14 thoughts on “What Is a Unique Value Proposition and Why Does Your Blog Need One?”

  1. As I was reading this, I was thinking about Blogelina’s UVP. I keep coming back to your website because you are approachable, knowledgeable, and you follow through. These are three things that I look for in any type of association whether it be personal or business related.
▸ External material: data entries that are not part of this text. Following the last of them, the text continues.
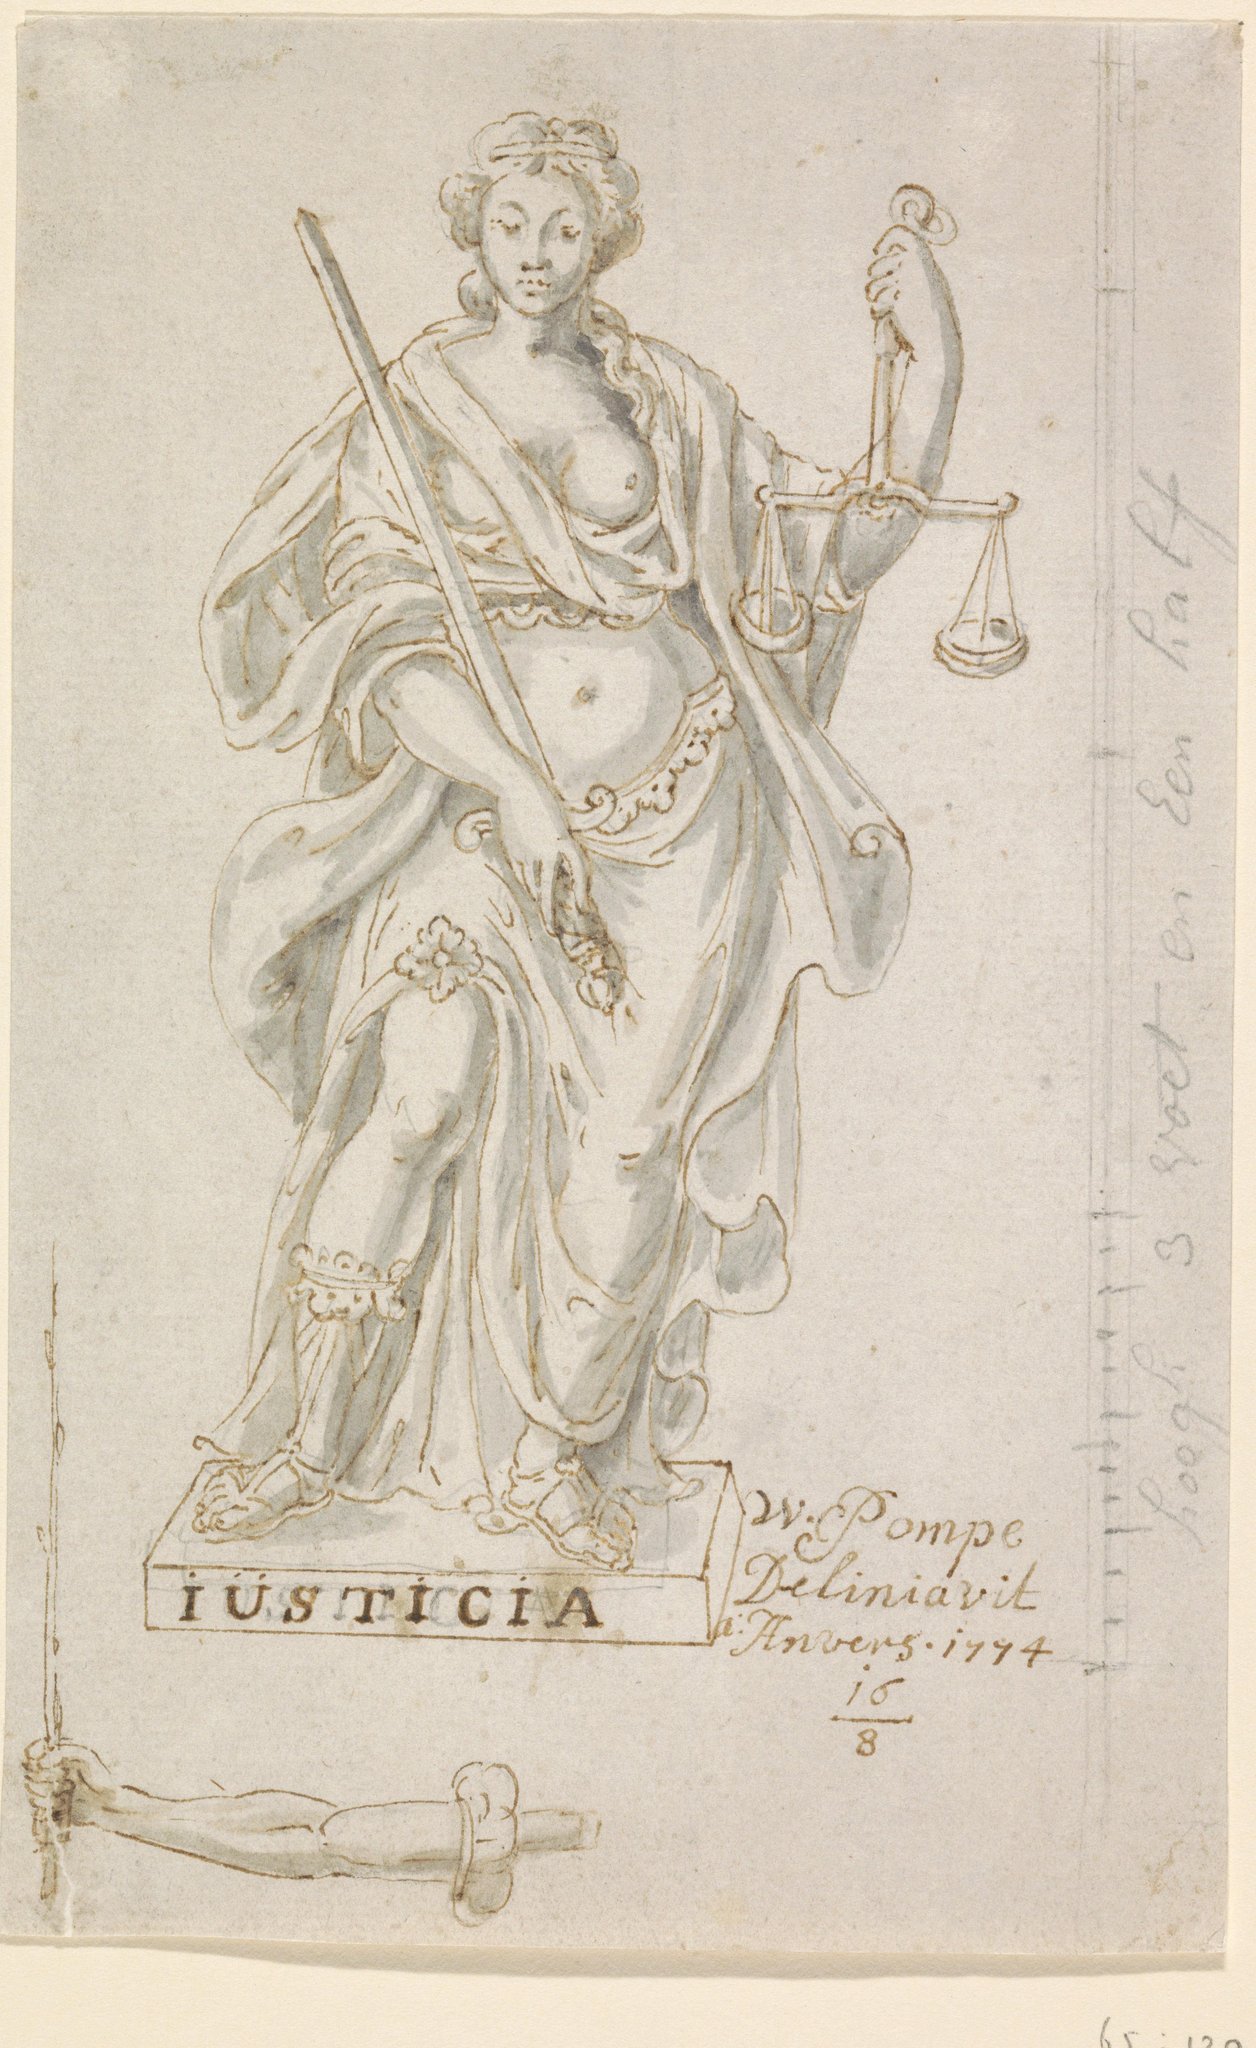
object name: ornamenttekening
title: Gerechtigheid
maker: walter pompe
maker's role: draughtsman, sculptor
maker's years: 1703-1777
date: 1774
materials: ink, paper, pencil
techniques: brush, pen
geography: antwerp
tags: justitia (justice) as roman personification
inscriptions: collector's mark: Lugt 2228
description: Een beeld van Vrouw Justitia met een zwaard en een weegschaal. Links onder een arm met een tak.
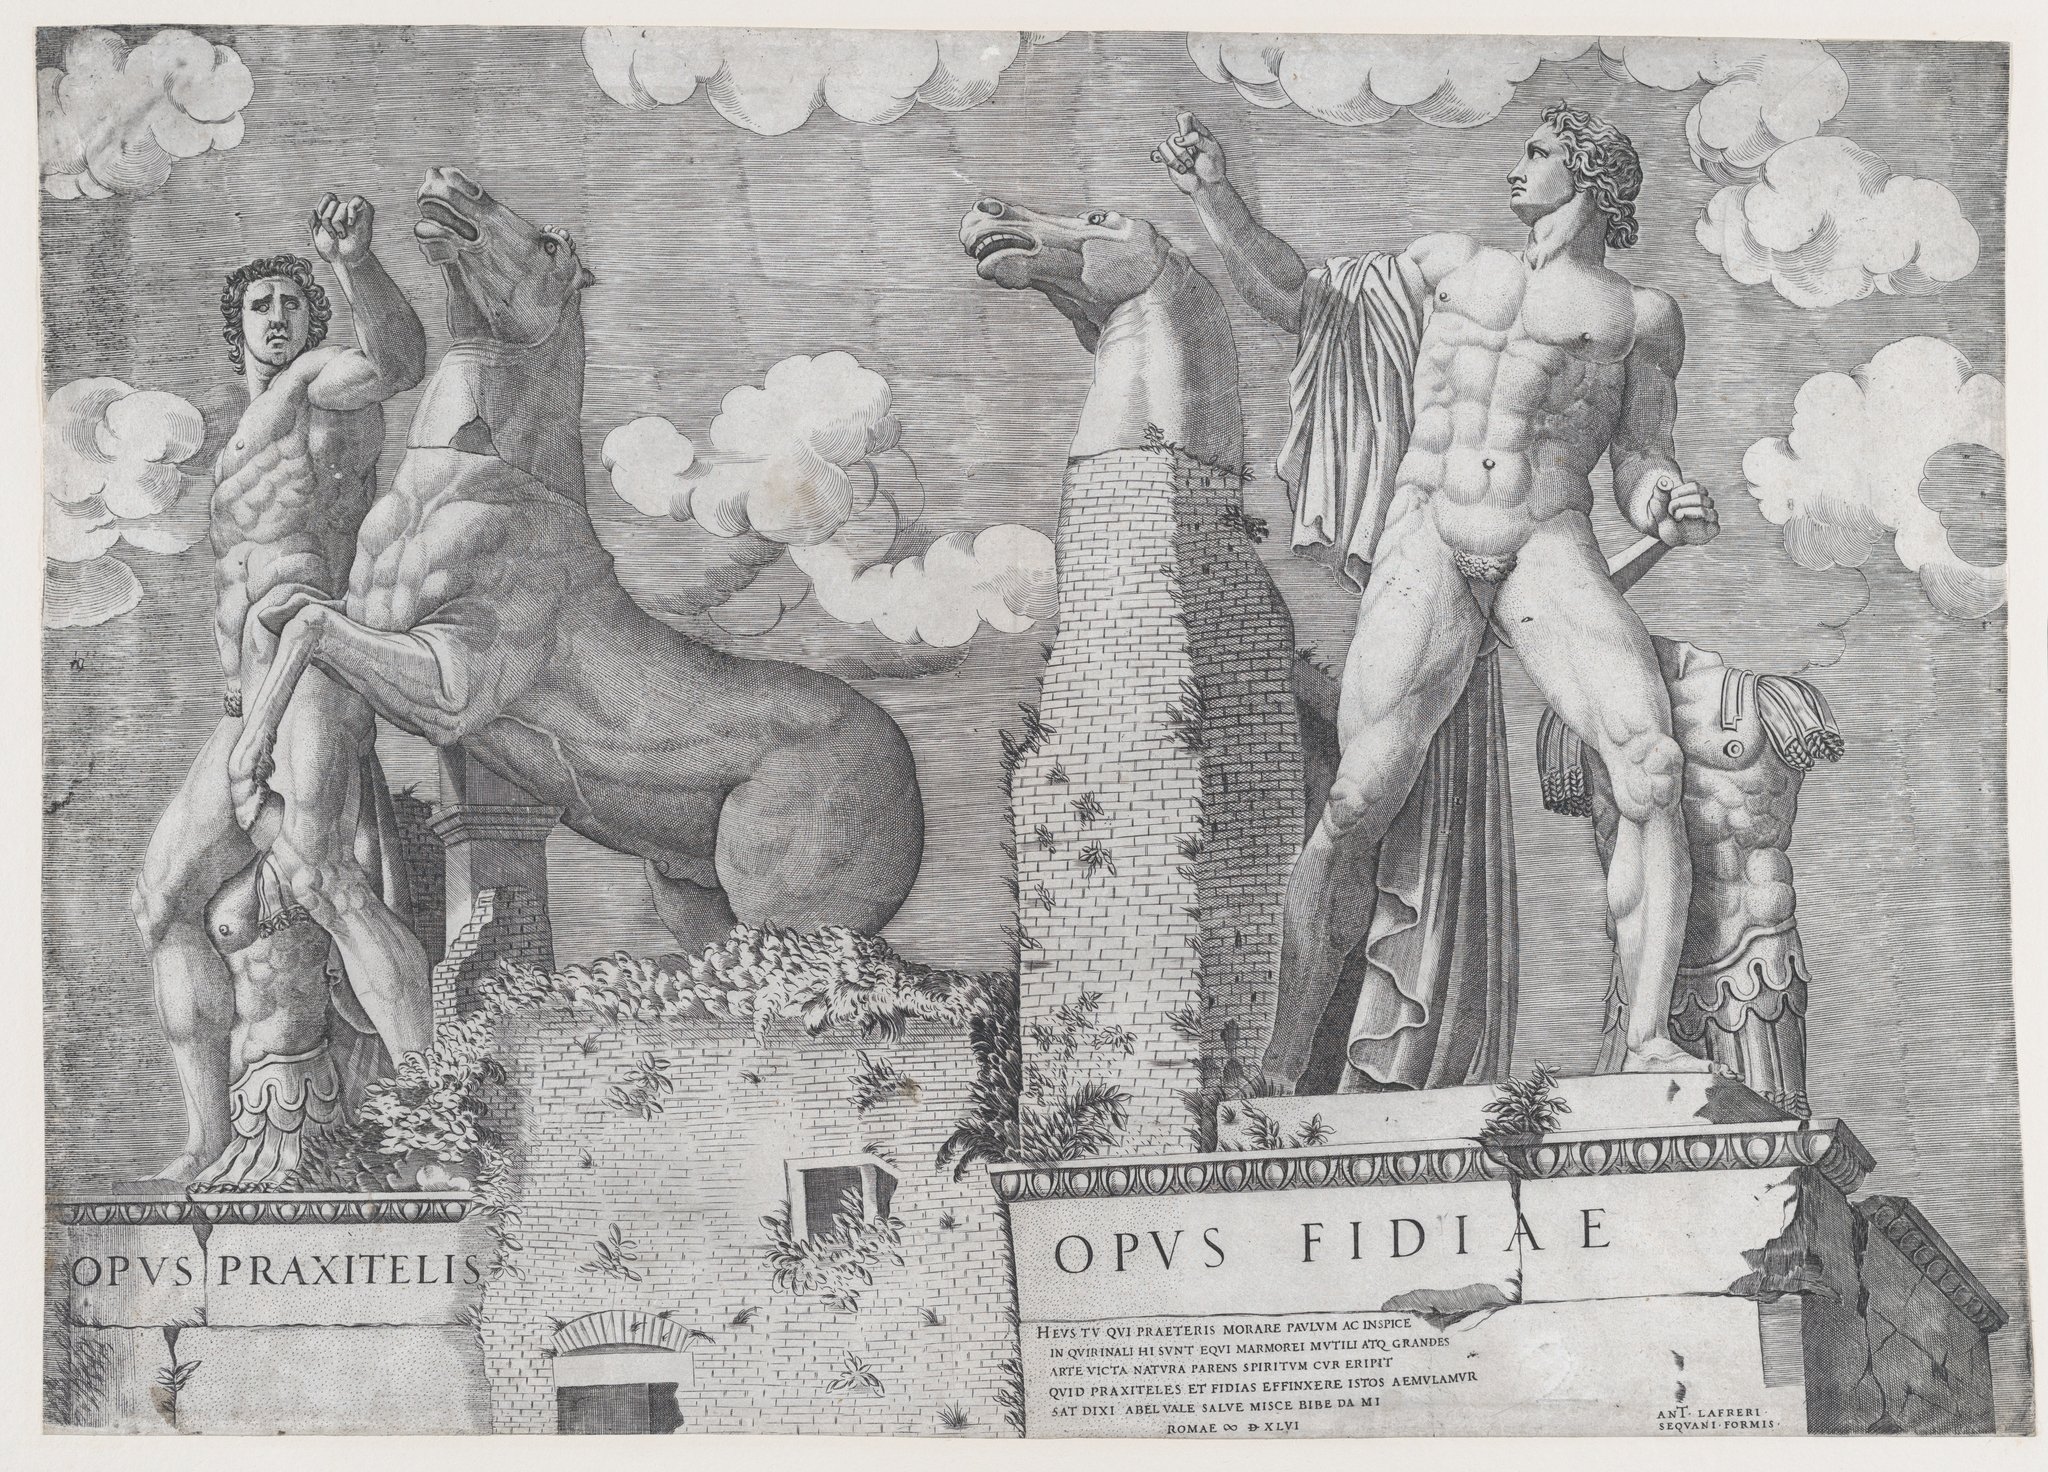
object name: print
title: Statues of the Dioscuri at the Quirinal, Rome
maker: Anonymous
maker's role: artist
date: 1546
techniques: engraving
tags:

    I’m going back to my About page to see if I have a UVP clearly stated. Thanks for another good article.

    Reply
  2. I’m concerned about painting myself into a corner with a UVP. I have so many varied interests; it’s hard to curtail them into one contingent plan. Any advice on how to whittle it down to one?

    Reply
    • I would try writing about 10 posts about each interest and see which ones you still feel like you could keep running strong in creating content for. Also, you can pick your favorite – and then as you get that one up and running, you can sprinkle in some from the others if they are related. Just a couple of ideas!

      Reply
  3. Thank you for bringing up some of these things that we either do not know about, or are unaware of how much they really affect our success as bloggers. I appreciate what you do and how you help us create. I am still working the details of my UVP for my main blog. It is coming, now have some ideas about how to tweak it to be just right. To Jessica; I actually have started a third blog. I am one with so many varied interests but I have found that narrowing it to a particular niche is key. My main blog was taking one path and yet, the third blog stuff was on my mind, yet really did not fit with the theme of the other blogs I have enough ideas for blog posts to keep me going in that area for a long while. I never ever imagined and thought I would have three blogs when I first began this journey and now I am writing e-books too! All thanks to people who are passionate about it and sites like Blogalina.

    Reply
  4. I’ve been working on UVP for a blog I’d like to start about “ReCareers.” One of the exercises that’s helped me is to create spectrums (college degree vs. high school graduate; techie vs. non-techie, etc.) and look at all the big blogs in that area and see where they fall. Then I try to tweak mine where I see an opening. I’m still in the tweaking stage!

    Reply
  5. Ohhh, I’ve been doing some reevaluating on my blog and have been trying to pin down my blog and what I have to offer others. Now I know it’s a UVP. I’m looking forward to next week with your questions to ask. I hope to see some examples of some UVP statements. I like the idea of the UVP, but have no idea what a completed one looks like.

    Reply
  6. I’m also guilty of writing about ALL my passions as a Retired Grandma. Being retired gives me time to pursue so many things on my Bucket List. Any suggestions of how to combine travel, crafts, hobbies, tips for other baby boomers? One blog is taking so much of my time, I can’t imagine working with two blogs that meet the requirements of SEO activity. I will be printing off your main comments so I remind myself to not spread my blog too thin on too many subjects.

    Reply
  7. Nice short wrap-up. UVPs or USPs (unique selling propositions) have been around since early in the twentieth century. Bruce Barton and Rosser Reeves were trailblazers in advertising. However, no one has yet been able to define a method of successfully repeatedly creating one. This is a truly creative, deeply intuitive process. As I like to say “if advertising worked as people tend to THINK it works, it wouldn’t work”. This is an obstacle that only a few geniuses of the copy writing guild etc. have ever been known to overcome with constancy. All others really always grope in the dark. That’s not to say we shouldn’t strive. All I’m trying to convey is that, for example, the first draft is probably always way beyond optimum. You’d really want to think about tweaking and split testing. And most people don’t have that patience.